By Regan Shanahan
For Unwind magazine
The first thought in walking into All Things Go Fall Classic for many was, “I wish I wore my rain boots.”
The annual music festival hosted by local Washington D.C. radio station “All Things Go,” that for the past two years had been held at Union Market in Washington D.C., switched its venue this year to the Navy Yard Park. The change in location, although lending a more traditional festival atmosphere to the event, meant that the daylong, rainy weather left concertgoers with slippery fields and muddy, ruined shoes, and reduced festival attendees’ style to plastic ponchos and umbrellas.
The weather also managed to ward off many festival attendees until later in the evening, which meant early slot performers played to smaller crowds.
Ace Cosgrove, a 25-year-old rapper who performed at noon, even ventured into the crowd during his performance saying, “There’s only like 50 of us y’all, lets hug each other. I’m serious!”
In an interview later that day, the up-and-coming artist said the move was “meant to bring the crowd closer together,” and that even though the turnout was smaller than expected, “playing in the rain has always been a dream of mine and the fact that people are still here in the rain is dope as sh*t.”
Around 5 p.m., when the rain finally stopped, Sylvan Esso took the stage. With quirky dance moves, a lively sense of humor, and sultry, coffeehouse vocals set to well-mixed tracks, the duo Amelia Meath and Nick Sanborn drew a large audience that rebuilt the excitement just in time for headliners Passion Pit and Empire of the Sun.
While the set by Passion Pit left something to be desired due to the fact that poor microphone volume made it nearly impossible to hear singer Michael Angelakos, and the band gave the impression of being eager to finish their set and leave, festival headliner Empire of the Sun closed the day with guests belting lyrics and dancing barefoot in the mud.
Passion Pit played fan-favorites like “Sleepyhead” and “Carried Away,” but Empire of the Sun produced the most visually entertaining set of the day with colorful, extraterrestrial-themed costumes, props and an impressive light show. These exciting visuals, however, did not distract from the unique voice of lead vocalist, Luke Steele, and the talented guitar backing by Nick Littlemore.
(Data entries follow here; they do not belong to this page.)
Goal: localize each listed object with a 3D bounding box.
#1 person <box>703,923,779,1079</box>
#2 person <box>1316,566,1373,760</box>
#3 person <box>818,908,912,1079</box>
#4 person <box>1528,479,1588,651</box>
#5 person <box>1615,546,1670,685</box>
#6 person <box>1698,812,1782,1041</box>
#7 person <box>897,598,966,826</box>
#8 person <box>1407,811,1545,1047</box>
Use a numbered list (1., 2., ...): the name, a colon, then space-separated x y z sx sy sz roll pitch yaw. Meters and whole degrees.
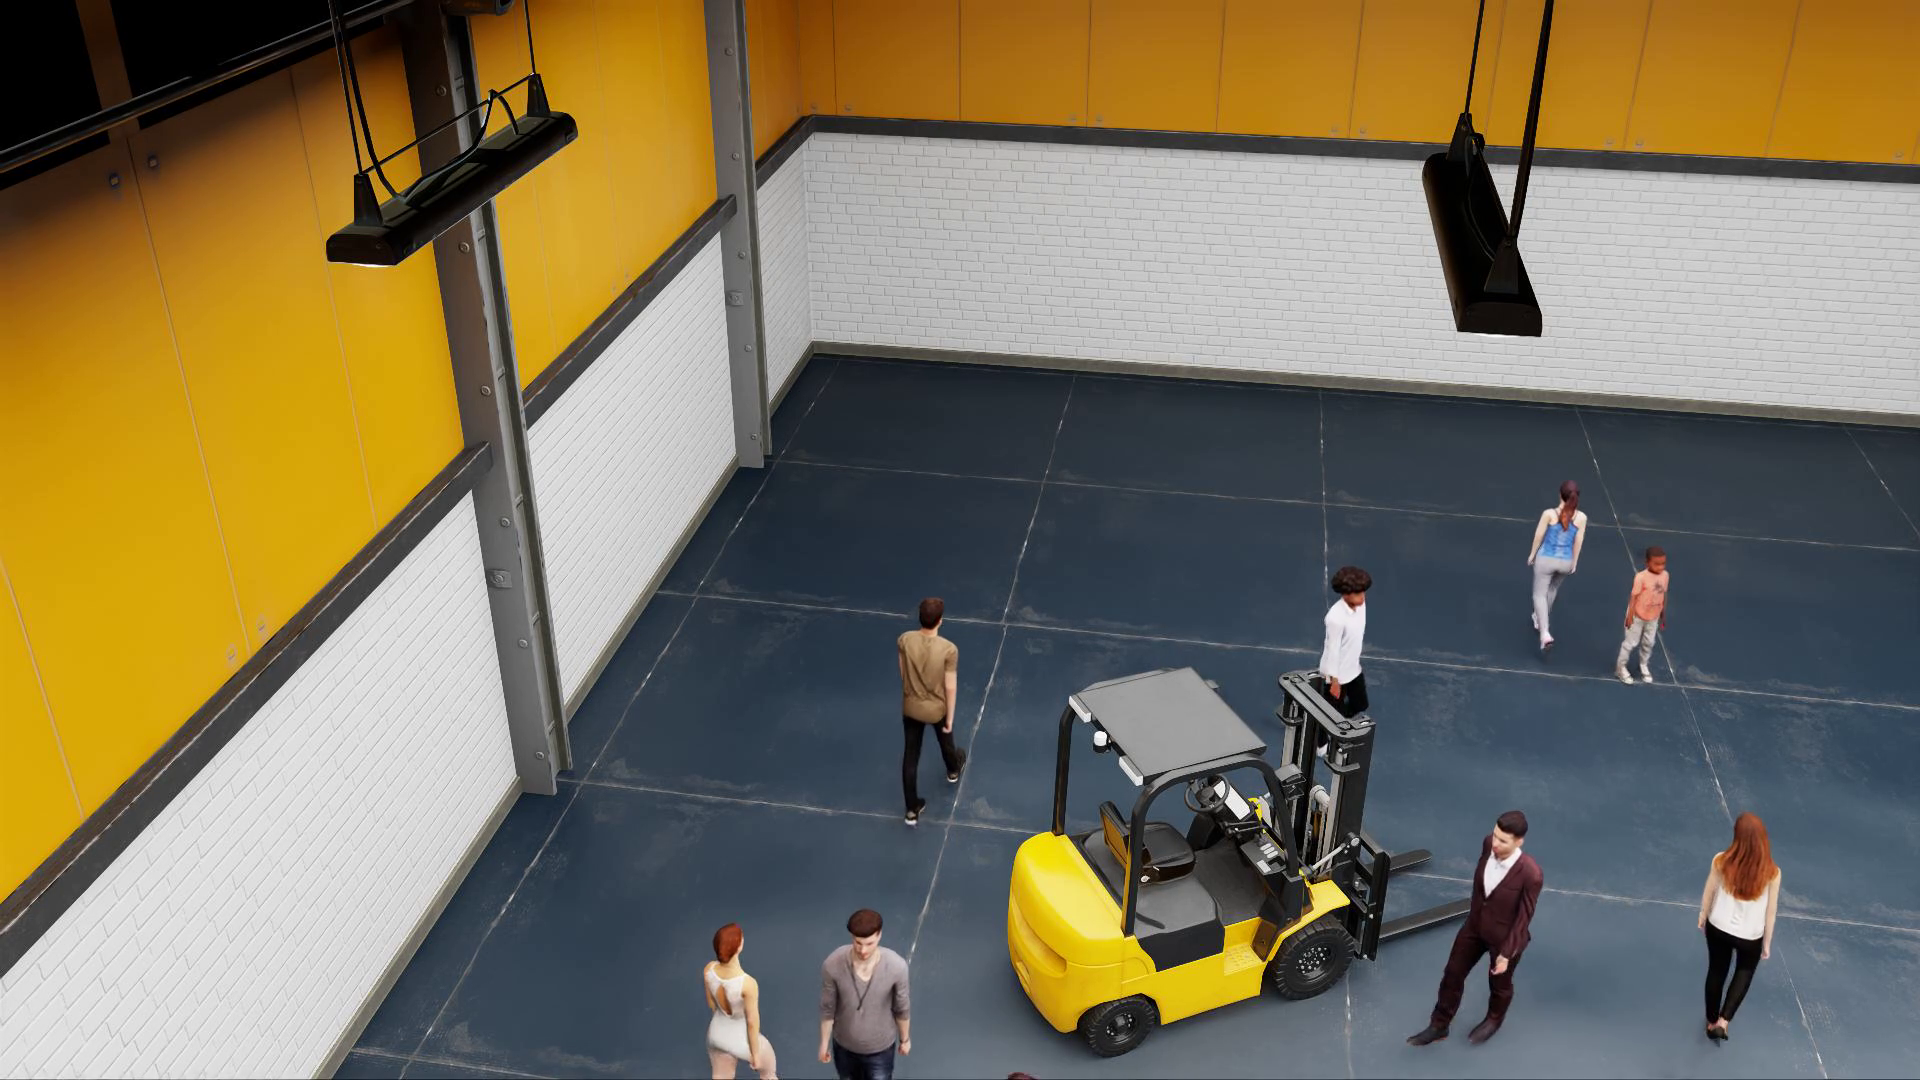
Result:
1. person: -1.364 2.997 9.770 0.712 1.619 0.928 13 31 22
2. person: 2.985 0.975 13.291 0.823 1.798 0.729 24 37 37
3. person: -0.553 2.868 9.733 0.690 1.882 1.133 4 29 7
4. person: 5.317 0.237 14.867 0.619 1.585 1.025 2 29 4
5. person: 5.925 0.619 14.459 0.566 1.304 0.588 -5 29 -9
6. person: 4.897 2.528 10.545 0.739 1.701 0.777 19 34 31
7. person: -0.299 1.334 12.620 0.751 1.812 1.153 8 30 14
8. person: 3.461 2.448 10.549 1.082 1.839 1.036 -17 33 -28

Between sets, festival-goers listened to the DJ, who seemingly managed to excite the crowd more than some scheduled performers and could have had his own show.
Several activities kept guests entertained throughout the rainy day. Food vendors catered a diverse selection of meals and beverages from companies such as Buredo and Beefsteak. Tarot card readings–free with a purchase of ice cream at the Milk Cult tent, a game at the Notion Theory virtual reality tent described by vendor Steven Dashiell as being “like Dance Dance Revolution but with your hands, and it’s got songs from the festival,” and a booth sponsored by Heineken that allowed concert goers to graffiti the ATG logo were all dotted across the festival.
At the Heineken tent Levan Cahsee said he was “pleasantly surprised by Bishop Briggs, but was most excited to see Christine and the Queens and Passion Pit.”
Unfortunately for Cahsee, Christine and the Queens did not show up to play their scheduled set, and the slot was given to a host of artists who had gone on earlier, including Sofi and Tukker and Ace Cosgrove. This performance resulted in an awkward and confusing 45 minutes.
However soulful songstress Bishop Briggs, who brought a welcome change in pace to the sonic style of the festival, lent an unexpected highlight performance.
With an edgier, louder and bolder sound than those who performed before her, Briggs was the first act who truly managed to liven the crowd with her infectious energy and impressive vocals.
“She’s doing her thing live—she’s not lip syncing,” Cosgrove said, praising Briggs.